Вернувшись домой Александр Григорьевич накатил пятьдесят грамм коньяка и крепко задумался: по всему выходило, что или нуль-реальность действительно существует, или он сходит с ума, что совсем уж маловероятно. Коньяк приятно согревал, а воспоминания пробудили писательскую музу и следующие несколько часов Александр Григорьевич потратил на то, чтобы написать пару детских сказок о рыжих котах, путешествующих между мирами. Время перевалило за полночь и писатель сам не заметил, как уснул за ноутбуком.
В шесть его растолкала проснувшаяся мать и отправила в постель досыпать. А окончательно проснувшись в десять, Александр нашёл на столе листочек со списком продуктов, которые нужно было купить и с припиской не тянуть с этим до ночи.
Наутро всё, произошедшее вчера, казалось не более, чем сном или плодом разыгравшегося воображения. Посмеявшись сам над собой, Александр Григорьевич сытно позавтракал, взял сумку для продуктов, оделся потеплее и вышел в магазин.
Город встретил морозом и солнцем. Это было приятно, после почти недели серой сырости без рассвета и заката, хотя руки тут же стали подмерзать, что заставило пожалеть о забытых перчатках. Днём рабочего дня на улицах было очень мало народа, да и район у них был зелёный и не особо людный, что особенно нравилось Александру Григорьевичу: можно было спокойно пройтись, насладиться природой и поразмышлять. Сколько прекрасных сказок было написано именно в этих дворах.

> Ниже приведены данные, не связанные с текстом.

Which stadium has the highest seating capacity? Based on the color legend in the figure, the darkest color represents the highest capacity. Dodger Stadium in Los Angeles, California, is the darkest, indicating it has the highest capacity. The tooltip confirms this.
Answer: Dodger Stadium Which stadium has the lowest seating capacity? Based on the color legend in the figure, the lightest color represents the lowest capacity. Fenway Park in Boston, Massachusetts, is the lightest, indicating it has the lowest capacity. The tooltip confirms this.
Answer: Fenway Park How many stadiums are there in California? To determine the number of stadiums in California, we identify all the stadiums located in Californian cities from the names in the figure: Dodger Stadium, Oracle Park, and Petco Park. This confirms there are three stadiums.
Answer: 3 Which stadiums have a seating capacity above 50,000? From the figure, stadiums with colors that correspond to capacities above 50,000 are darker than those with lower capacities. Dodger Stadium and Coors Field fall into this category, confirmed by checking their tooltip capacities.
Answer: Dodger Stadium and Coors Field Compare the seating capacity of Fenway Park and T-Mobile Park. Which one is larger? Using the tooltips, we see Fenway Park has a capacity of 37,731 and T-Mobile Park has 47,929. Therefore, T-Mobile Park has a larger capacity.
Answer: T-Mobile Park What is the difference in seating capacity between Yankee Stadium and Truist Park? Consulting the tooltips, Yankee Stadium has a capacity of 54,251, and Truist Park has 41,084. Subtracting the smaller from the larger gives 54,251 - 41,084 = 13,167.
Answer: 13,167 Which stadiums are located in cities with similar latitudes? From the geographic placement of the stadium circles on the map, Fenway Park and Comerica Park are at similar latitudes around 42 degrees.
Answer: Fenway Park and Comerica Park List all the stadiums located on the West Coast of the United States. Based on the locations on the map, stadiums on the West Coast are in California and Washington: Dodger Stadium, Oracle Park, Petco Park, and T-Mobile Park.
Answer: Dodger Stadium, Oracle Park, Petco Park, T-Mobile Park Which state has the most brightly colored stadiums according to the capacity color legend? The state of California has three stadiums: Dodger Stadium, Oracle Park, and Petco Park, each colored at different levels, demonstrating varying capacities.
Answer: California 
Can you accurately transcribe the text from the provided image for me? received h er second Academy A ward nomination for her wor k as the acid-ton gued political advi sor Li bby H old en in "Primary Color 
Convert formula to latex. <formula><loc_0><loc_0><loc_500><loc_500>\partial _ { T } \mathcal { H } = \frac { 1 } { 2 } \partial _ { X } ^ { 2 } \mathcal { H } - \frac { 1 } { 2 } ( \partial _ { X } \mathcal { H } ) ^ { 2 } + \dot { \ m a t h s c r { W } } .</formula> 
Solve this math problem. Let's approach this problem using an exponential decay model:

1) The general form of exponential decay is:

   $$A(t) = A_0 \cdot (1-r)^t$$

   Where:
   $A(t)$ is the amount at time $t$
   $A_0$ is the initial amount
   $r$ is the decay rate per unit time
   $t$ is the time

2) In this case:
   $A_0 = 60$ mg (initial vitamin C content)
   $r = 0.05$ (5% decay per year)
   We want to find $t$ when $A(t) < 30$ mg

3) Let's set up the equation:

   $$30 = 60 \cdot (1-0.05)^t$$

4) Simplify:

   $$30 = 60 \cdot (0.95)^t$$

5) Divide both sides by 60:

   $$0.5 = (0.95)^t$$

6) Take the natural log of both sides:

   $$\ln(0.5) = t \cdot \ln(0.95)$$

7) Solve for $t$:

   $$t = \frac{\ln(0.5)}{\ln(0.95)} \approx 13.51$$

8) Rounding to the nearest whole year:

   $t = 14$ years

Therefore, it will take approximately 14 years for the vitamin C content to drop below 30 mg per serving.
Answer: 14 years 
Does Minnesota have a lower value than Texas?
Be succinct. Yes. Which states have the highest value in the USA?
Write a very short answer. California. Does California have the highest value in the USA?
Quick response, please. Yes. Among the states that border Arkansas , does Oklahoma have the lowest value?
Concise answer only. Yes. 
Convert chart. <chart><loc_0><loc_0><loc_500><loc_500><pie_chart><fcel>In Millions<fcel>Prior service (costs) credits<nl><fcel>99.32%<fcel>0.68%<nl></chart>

От ностальгических воспоминаний его отвлёк громкий и обиженный «мяв». Вздрогнув, Александр Григорьевич увидел огромного рыжего котяру, сидящего в сугробе и упорхнувшего голубя, за которым тот, очевидно, следил.
– Ай-ай-ай, негодник! – погрозил коту писатель. – Нехорошо охотиться на птиц.
– Мяу! – не согласился с такой постановкой вопроса кот.
Взметнулся в воздух, поднимая ворох снежинок, сиганул в дыру в заборе и был таков. А Александр Григорьевич только через несколько секунд осознал, что ещё вчера никакой дыры на этом месте и в помине не было.
Чувствуя себя немного не в своей тарелке, писатель медленно подошёл к забору и заглянул в дыру: темнота. Протянул руку и, не встретив препятствия, полностью пролез на другую сторону сам и обомлел: вокруг был Космос и звёзды и где-то далеко впереди, ничуть не смущаясь, словно делал так всю жизнь, шёл кот.
Александр Григорьевич обернулся и увидел забор, висящий в пустоте и дыру, за которой был привычный ему мир, и ощущая себя полнейшим идиотом, а ещё маленьким мальчиком Шуркой, развернулся и побежал догонять кота.
Оказалось, что догнать – это сильно сказано. Сколько бы не ускорял шаг Александр, кот был от него примерно на том же расстоянии, словно они оба просто топтались на месте. Но вот впереди возникла серая дверь, приоткрытая наружу, кот шмыгнул за неё, а ещё через минуту и писатель оказался там же и осторожно заглянул вовнутрь.
В конце серого коридора открывалась большая комната, явно лаборатория. Кот подошёл к высокой, стройной брюнетке лет сорока одетой в стильный брючный костюм серого цвета и туфли на высоких каблуках, и потёрся о ногу. Брюнетка наклонилась, погладила кота и засмеялась: «Что, Матеуш, снова пробрался как-то сюда. Пришёл выпрашивать молоко?». Она на секунду скрылась из поля зрения, а вернулась уже с мисочкой и поставила её перед котом, который тут же жадно набросился на угощение. «Смотри, будешь столько есть – растолстеешь», – брюнетка почесала рыжего за ухом и посмотрела в сторону коридора. Это была роковая ошибка: Александр Григорьевич не успел захлопнуть дверь и взгляды встретились. Женщина вскрикнула: «Там кто-то есть! Матеуш пришёл не один!» и «Стойте!», но Александр Григорьевич уже не слышал, захлопнув дверь он, что есть мочи, бежал обратно к забору, где уже расплывалась, становясь зыбкой дыра.
Он успел до того, как его настигли. Выскочил и забор за спиной стал снова цельным. С трудом переведя дух и кляня кота и своё любопытство на чём свет стоит, Александр Григорьевич успокоился, всё-таки дошёл до магазина за продуктами и вернулся домой, радуясь, что никто не заметил его развлечений с забором.
Мама уже была дома. «И когда только успела?» – подумал писатель, прежде, чем в коридор выскочила мать, увидев сына, уронила чашку с чаем и разрыдалась.
– Шурка, где же ты был окаянный? Я чуть с ума не сошла, морги, больницы обзвонила…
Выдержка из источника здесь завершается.